Reducing the hazards
Safety professionals know that one of the best ways to address any problem is to engineer the hazard out of the workplace. There are ways to do that with heat-related issues.

Scheduling properly is one of the most effective. Supervisors can make arrangements so that heavy work is not performed when the sun is at the highest point in the sky, typically from about 10:00 a.m. to 2:00 p.m. In addition, schedules can be arranged so workers start earlier in the morning on the hottest days. I recall one project that involved digging river rock on an August day. A laborer who failed to eat and drink properly collapsed of heat exhaustion in the early afternoon. The supervisor could have avoided the situation by having the worker come in earlier and stop the heavy work in the mid-morning hours. He could also have switched to less-strenuous tasks until the mid-day heat passed.

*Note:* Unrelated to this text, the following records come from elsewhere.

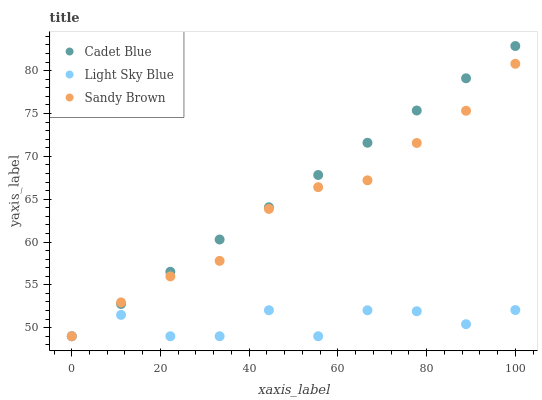Does Light Sky Blue have the minimum area under the curve?
Answer yes or no. Yes. Does Cadet Blue have the maximum area under the curve?
Answer yes or no. Yes. Does Sandy Brown have the minimum area under the curve?
Answer yes or no. No. Does Sandy Brown have the maximum area under the curve?
Answer yes or no. No. Is Cadet Blue the smoothest?
Answer yes or no. Yes. Is Light Sky Blue the roughest?
Answer yes or no. Yes. Is Sandy Brown the smoothest?
Answer yes or no. No. Is Sandy Brown the roughest?
Answer yes or no. No. Does Cadet Blue have the lowest value?
Answer yes or no. Yes. Does Cadet Blue have the highest value?
Answer yes or no. Yes. Does Sandy Brown have the highest value?
Answer yes or no. No. Does Light Sky Blue intersect Sandy Brown?
Answer yes or no. Yes. Is Light Sky Blue less than Sandy Brown?
Answer yes or no. No. Is Light Sky Blue greater than Sandy Brown?
Answer yes or no. No. 
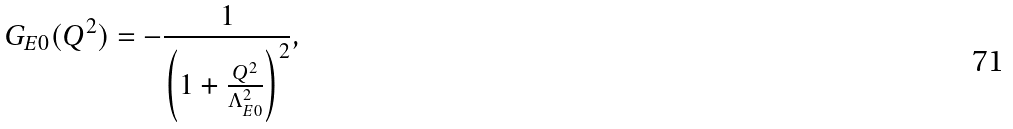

Other engineering approaches can include providing ventilation or portable air conditioning, using shields to reflect radiant heat sources, and making sure that there are no inadvertent sources of heat (such as leaky steam lines) adding to the problem

Personal protective equipment can also contribute to heat-related illnesses. Special clothing, such as that worn to protect against arc flash in electrical settings, may impair the body’s normal cooling activities. In these situations, the safety benefits provided by the PPE outweigh the risks, but supervisors must be especially alert to the potential for heat exhaustion. More-frequent breaks for water and cool-down periods may be advisable.

Supervisors also need to monitor workers to ensure that they are not reducing safety protection in an effort to improve personal comfort. A common example of this is workers loosening the straps on fall protection harnesses to reduce discomfort caused by sweating and chafing.

Heat-related illness in the winter?
A final consideration about heat-related illnesses is one that surprises many people. They can happen during the chilliest winter weather. The biggest issue is heat exhaustion caused by dehydration.

Outdoor workers wear extra layers of clothing to stay warm, and those layers trap body heat, which leads to perspiration. If workers don’t drink water to replace the lost fluid, they can become dehydrated. In addition, many workers will choose not to drink, because they want to limit the number of trips they’ll have to make to the facilities (typically, a freezing portable toilet).

However, if they become severely dehydrated, they’ll exhibit the same symptoms you’ll see in summer heat exhaustion. By the time they notice the cramping, they’ll probably be unable to keep working and may need medical attention.

Supervisors can prevent these problems by making sure workers are aware of the dangers and monitoring their activities. It’s just as important to provide drinking water during cold weather, and even more important to encourage workers to drink it.